Bridget and Martha stand together, undaunted, when trying to find Stephen Cooper's killer. The killer's identity surprised me. Bridget proves herself to be an excellent sleuth as well as a good midwife who tends to numerous deliveries throughout the novel. I learned a lot about medieval gynecology and that York, like today, was experiencing a great deal of illegitimate births. Some of Bridget's methods for convincing pregnant women to reveal the identity of the baby's father bordered on inhuman cruelty. As stated earlier, women were treated harshly. They didn't have many job opportunities other than being a wife or a prostitute. The language in this novel was sometimes crude, making it unsuitable for children and young teens.

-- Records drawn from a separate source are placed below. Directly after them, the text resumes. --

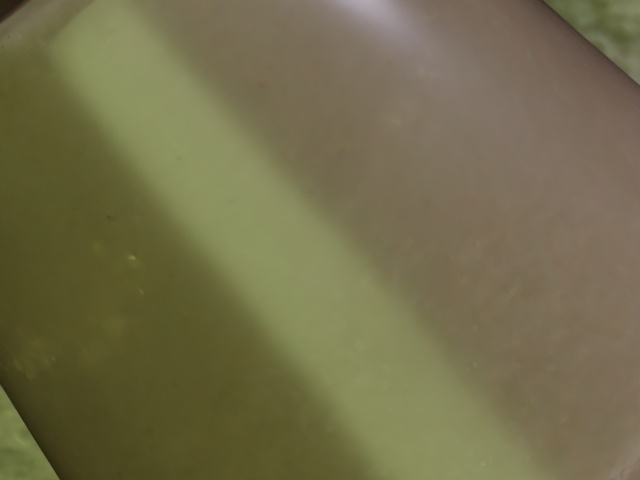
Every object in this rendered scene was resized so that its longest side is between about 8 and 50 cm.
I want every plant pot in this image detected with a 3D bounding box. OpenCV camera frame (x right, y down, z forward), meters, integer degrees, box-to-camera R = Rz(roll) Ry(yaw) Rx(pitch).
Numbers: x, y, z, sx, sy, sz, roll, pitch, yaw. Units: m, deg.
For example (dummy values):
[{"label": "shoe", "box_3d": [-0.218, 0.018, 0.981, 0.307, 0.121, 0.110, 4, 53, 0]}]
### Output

Fans of historical mysteries, especially those set in the Middle Ages, should definitely read The Midwife's Tale. After reading it, I can understand why this brutal period in our planet's history was also referred to as the Dark Ages. Ignorance, injustice and amorality reigned. Poor Esther was going to burn at the stake without a fair trial. However, throughout the story's nightmarish turn of events, Bridget remains steadfast to her calling of being a good midwife, a good friend, a good aunt, and a good Christian. A pillar of light, she proves, like so many other heroines, that though we may not be able to prevent horrible tragedies from befalling us, we can learn to overcome them through the strength we find in ourselves and in our belief in God.